══ Provided records
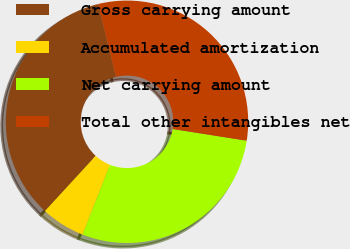<chart> <loc_0><loc_0><loc_500><loc_500><pie_chart><fcel>Gross carrying amount<fcel>Accumulated amortization<fcel>Net carrying amount<fcel>Total other intangibles net<nl><fcel>34.34%<fcel>5.87%<fcel>28.47%<fcel>31.32%<nl></chart> 
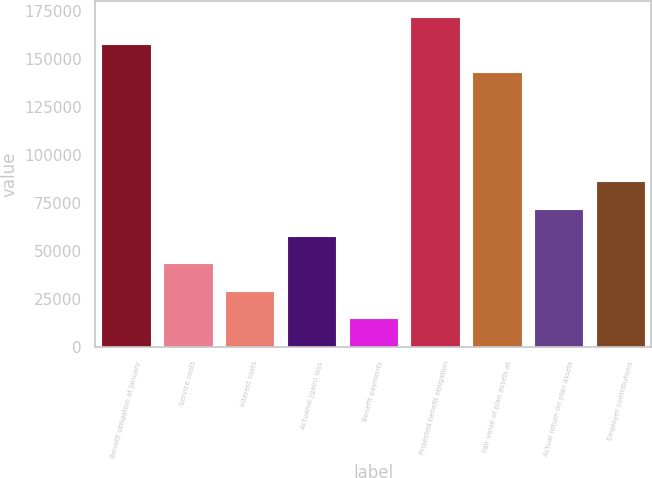Convert chart to OTSL. <chart><loc_0><loc_0><loc_500><loc_500><bar_chart><fcel>Benefit obligation at January<fcel>Service costs<fcel>Interest costs<fcel>Actuarial (gain) loss<fcel>Benefit payments<fcel>Projected benefit obligation<fcel>Fair value of plan assets at<fcel>Actual return on plan assets<fcel>Employer contributions<nl><fcel>157376<fcel>43629.9<fcel>29411.6<fcel>57848.2<fcel>15193.3<fcel>171595<fcel>143158<fcel>72066.5<fcel>86284.8<nl></chart> 
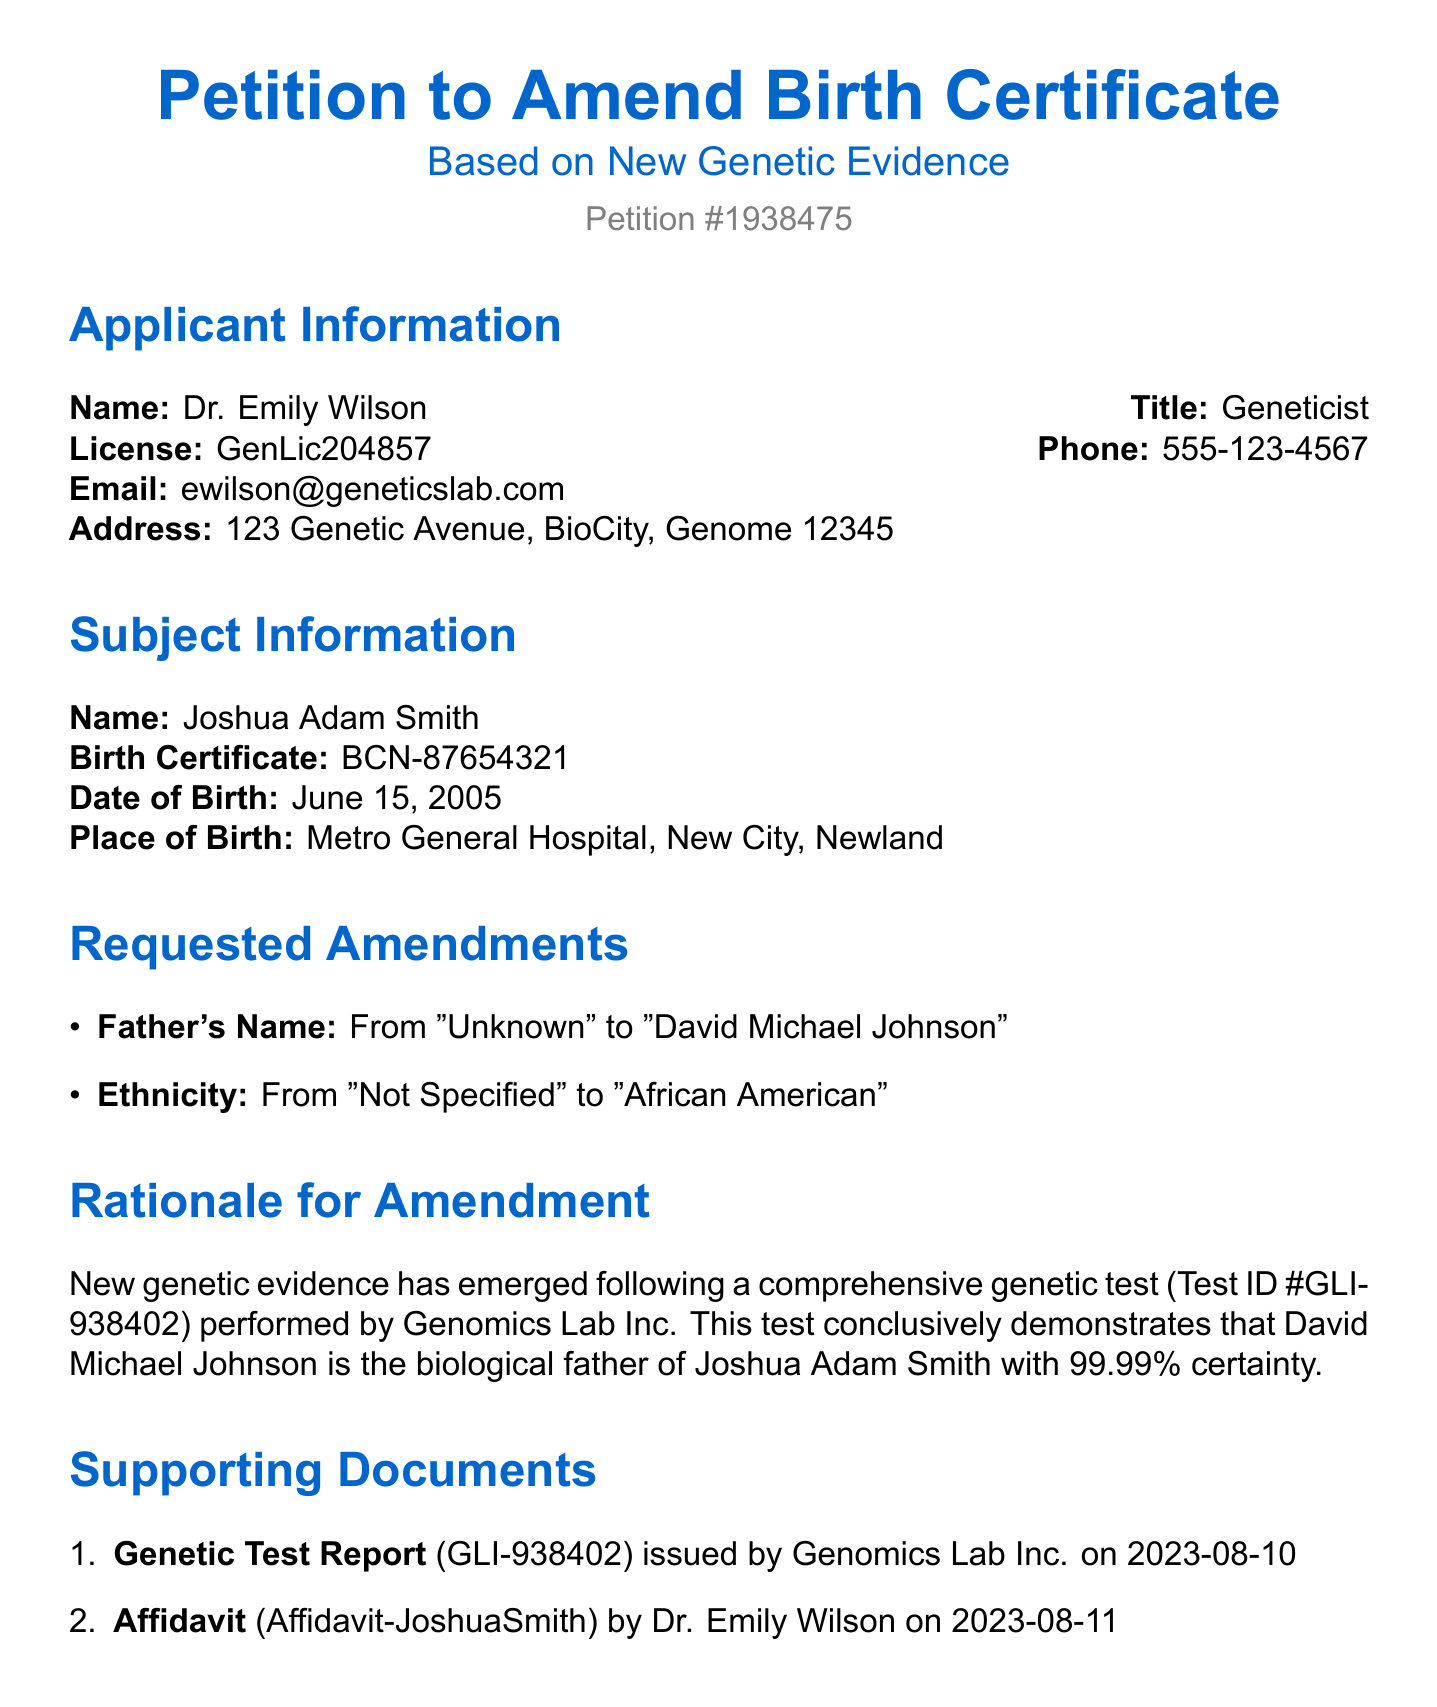What is the name of the applicant? The applicant's name is stated in the document under Applicant Information.
Answer: Dr. Emily Wilson What is the title of the applicant? The title is provided alongside the applicant's name in the document.
Answer: Geneticist What is the petition number? The petition number is prominently displayed in the document for reference.
Answer: Petition #1938475 What is the date of birth of Joshua Adam Smith? This information is listed under Subject Information in the document.
Answer: June 15, 2005 What is the test ID of the genetic test? The test ID is mentioned in the section Rationale for Amendment to support the claims made.
Answer: GLI-938402 What change is requested for Joshua Adam Smith's father's name? The requested amendment is noted in the Requested Amendments section of the document.
Answer: From "Unknown" to "David Michael Johnson" What is the certainty percentage of the genetic test? This percentage is provided in the Rationale for Amendment, indicating the confidence level of the results.
Answer: 99.99% What organization issued the Genetic Test Report? The name of the organization is cited in the Supporting Documents section of the document.
Answer: Genomics Lab Inc What is the significance of the affidavit included in the supporting documents? Its importance is indicated in the document as supporting evidence for the petition.
Answer: To substantiate the petition
════
• **Exercise**
Only the line containing "Answer: June 15, 2005" and the lines after it, through the end of the data, should be copied, exactly as they are.

• **Exercise solution**
Answer: June 15, 2005 What is the test ID of the genetic test? The test ID is mentioned in the section Rationale for Amendment to support the claims made.
Answer: GLI-938402 What change is requested for Joshua Adam Smith's father's name? The requested amendment is noted in the Requested Amendments section of the document.
Answer: From "Unknown" to "David Michael Johnson" What is the certainty percentage of the genetic test? This percentage is provided in the Rationale for Amendment, indicating the confidence level of the results.
Answer: 99.99% What organization issued the Genetic Test Report? The name of the organization is cited in the Supporting Documents section of the document.
Answer: Genomics Lab Inc What is the significance of the affidavit included in the supporting documents? Its importance is indicated in the document as supporting evidence for the petition.
Answer: To substantiate the petition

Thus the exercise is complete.